Bouquets et prières/Le Dimanche des Rameaux

Pour les autres éditions de ce texte, voir Le dimanche des rameaux.

LE DIMANCHE DES RAMEAUX.


Jour cher au pèlerin qui demande sa voie ;
Dont l’aube, à tout calvaire, allume un peu de joie ;
Beau jour ! où les enfans, des rameaux dans leurs mains,
Se promènent bénis entre tous les humains,
Affairés et contens de parcourir les rues ;
Rapportant au foyer leurs richesses accrues


Ce jour-là je cherchais aussi le rameau vert,
Pour appuyer mon sort tout penché de l’hiver :

J’avançais, je marchais de tristesse éblouie,
Tantôt sous le soleil et tantôt sous la pluie,
Attirée à l’éclat des cierges allumés,
Qui prêtent tant de grâce à nos rites aimés !

De sonores enfans les stalles étaient pleines,
Qui roulaient dans la nef d’innocentes haleines ;
Et Dieu seul entendit une plus humble voix
Qui chantait dans la foule et pleurait à la fois :


« Par le vent de l’exil de partout balayée,
Vraiment, je ne sais plus où je suis envoyée :
Oh ! les arbres du moins ont du temps pour fleurir,
Pour répandre leurs fruits, pour monter, pour mourir ;
Moi, je n’ai pas le temps. Ma tâche est trop pressée :
Dieu ! laissez-moi goûter la halte commencée ;
Dieu ! laissez-moi m’asseoir à l’ombre du chemin ;
Mes enfans à mes pieds et mon front dans ma main,
Je ne peux plus marcher. Je viens… j’ai vu… je tombe.
Je n’ai pris qu’une fleur là-haut sur une tombe,

Des chapelets bénis pour ceux que nous aimons,
Et j’ai blessé mes pieds aux cailloux des grands monts.
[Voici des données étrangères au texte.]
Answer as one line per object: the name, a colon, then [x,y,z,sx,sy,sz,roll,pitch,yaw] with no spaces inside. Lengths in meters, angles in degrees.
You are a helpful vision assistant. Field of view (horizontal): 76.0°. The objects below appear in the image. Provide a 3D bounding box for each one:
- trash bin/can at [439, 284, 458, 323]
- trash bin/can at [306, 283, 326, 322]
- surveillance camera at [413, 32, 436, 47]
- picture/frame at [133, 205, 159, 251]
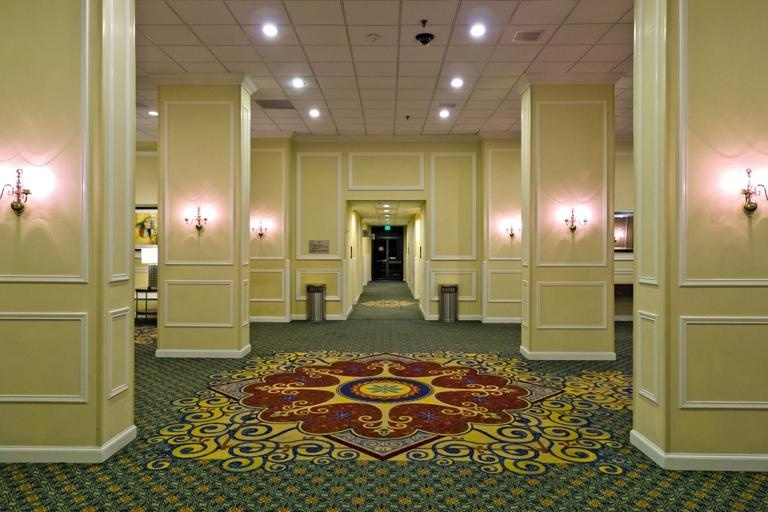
trash bin/can: [1.542,1.157,11.821,0.442,0.865,0.186,1,7,5]
trash bin/can: [-1.644,1.148,11.851,0.485,0.867,0.457,-1,7,-9]
surveillance camera: [0.573,-3.069,6.959,0.264,0.083,0.376,1,6,5]
picture/frame: [-5.903,-0.696,12.200,0.582,1.039,0.401,-1,7,-5]

Dieu ! si je suis l’oiseau rasant la terre et l’onde,
Laissez-moi de mon fils presser la tête blonde ;
Mon fils ! grandi sans moi qui l’ai fait tout amour,
Sans moi, qui lui donnai tant d’âme avec le jour !
Dieu des faibles, mon Dieu ! si je suis votre fille,
Relevez mon passé dans ma jeune famille :
A mes tendres terreurs ne donnez pas raison ;
Laissez-nous dans un port contempler l’horizon ;
Dans ma précoce nuit allumez une aurore ;
Défendez aux chemins de m’emmener encore ;
Marquez de votre doigt une place pour nous,
Et ralliez le père aux enfans à genoux !»


L’orgue se tut : l’église éteignit sa lumière ;
Ma pensée en mon sein retomba prisonnière :
Mais je ne sais quel charme en coulant à mon cœur,
L’inonda de l’espoir qui brûlait dans le chœur.
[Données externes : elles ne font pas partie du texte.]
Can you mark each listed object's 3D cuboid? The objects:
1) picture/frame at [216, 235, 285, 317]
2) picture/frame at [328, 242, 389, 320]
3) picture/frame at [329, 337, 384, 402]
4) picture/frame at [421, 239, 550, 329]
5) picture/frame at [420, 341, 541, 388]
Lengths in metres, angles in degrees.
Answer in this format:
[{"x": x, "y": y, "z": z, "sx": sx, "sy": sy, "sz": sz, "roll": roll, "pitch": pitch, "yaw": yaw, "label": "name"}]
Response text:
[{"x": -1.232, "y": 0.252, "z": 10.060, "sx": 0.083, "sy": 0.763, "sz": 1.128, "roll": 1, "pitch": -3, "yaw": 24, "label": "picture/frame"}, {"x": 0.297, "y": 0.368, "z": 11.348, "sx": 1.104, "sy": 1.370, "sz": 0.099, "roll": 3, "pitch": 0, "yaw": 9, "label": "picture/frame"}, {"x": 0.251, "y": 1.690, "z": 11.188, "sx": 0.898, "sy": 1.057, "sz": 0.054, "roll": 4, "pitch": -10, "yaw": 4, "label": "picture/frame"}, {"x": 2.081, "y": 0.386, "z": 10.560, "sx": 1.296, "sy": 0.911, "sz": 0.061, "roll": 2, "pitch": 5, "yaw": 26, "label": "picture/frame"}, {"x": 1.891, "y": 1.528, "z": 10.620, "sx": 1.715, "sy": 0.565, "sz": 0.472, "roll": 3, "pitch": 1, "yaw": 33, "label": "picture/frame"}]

Un vieillard me donna, tout ruisselant d’eau sainte,
L’un des mille rameaux dont verdoyait l’enceinte,
Et riche de ce buis qui riait dans ma main,
Du monde et de l’hiver je repris le chemin.



On eût dit qu’avec moi cheminait une amie,
La foi ! toute éveillée et toute raffermie !
Pendant que ses lueurs sillonnaient ma raison,
J’entendis devant moi s’ouvrir une maison ;
Puis le maître apparut qui, me voyant plus pâle,
Et de mon front plus triste interrogeant le hâle,
Me demanda mon sort et s’il ne pouvait pas,
Comme en des temps meilleurs, guider encor mes pas ;
Si je partais toujours ; si la belle patrie
Ne m’aimait pas enfin de l’avoir tant chérie !
Si l’Ange du voyage avait quitté mon seuil,
Et si pour moi la vie avait un doux accueil. »
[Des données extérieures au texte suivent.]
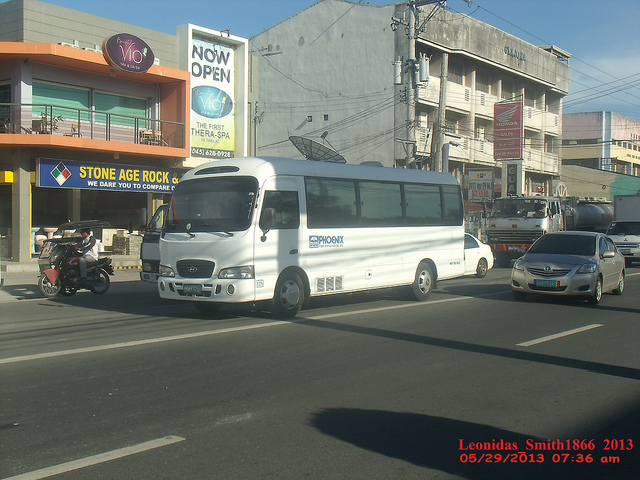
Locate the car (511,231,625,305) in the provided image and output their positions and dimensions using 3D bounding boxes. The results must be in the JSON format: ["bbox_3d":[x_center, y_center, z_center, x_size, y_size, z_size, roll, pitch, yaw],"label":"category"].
[{"bbox_3d":[6.246,0.570,17.161,1.614,1.101,2.565,-3,-7,34],"label":"car"}]

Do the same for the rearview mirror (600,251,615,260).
[{"bbox_3d":[6.878,0.349,16.799,0.242,0.070,0.260,-5,4,4],"label":"rearview mirror"}]

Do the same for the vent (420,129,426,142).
[{"bbox_3d":[6.166,-6.351,42.580,0.140,0.558,0.584,5,3,35],"label":"vent"}]

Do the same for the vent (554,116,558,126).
[{"bbox_3d":[19.983,-10.112,59.617,0.156,0.819,0.780,4,7,28],"label":"vent"}]

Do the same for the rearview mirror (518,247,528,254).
[{"bbox_3d":[7.800,0.384,27.040,0.250,0.178,0.244,-4,-2,32],"label":"rearview mirror"}]

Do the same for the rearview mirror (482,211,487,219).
[{"bbox_3d":[6.732,-1.052,28.927,0.129,0.262,0.384,3,6,13],"label":"rearview mirror"}]

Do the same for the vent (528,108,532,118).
[{"bbox_3d":[16.379,-9.937,55.011,0.152,0.579,0.602,2,3,27],"label":"vent"}]

Émue à cette voix qui plaint et qui protège,
J’écoutais ce pouvoir sans faste et sans cortège :

Mais la foule survint ; la foule me fait peur ;
Elle cherchait sa gloire, et j’écoutais son cœur.
Cédant au flot croissant la grille entre-fermée,
J’ai consacré d’un vœu cette demeure aimée ;
Et par-dessus les murs où rentrait l’amitié,
De mon rameau béni j’ai jeté la moitié.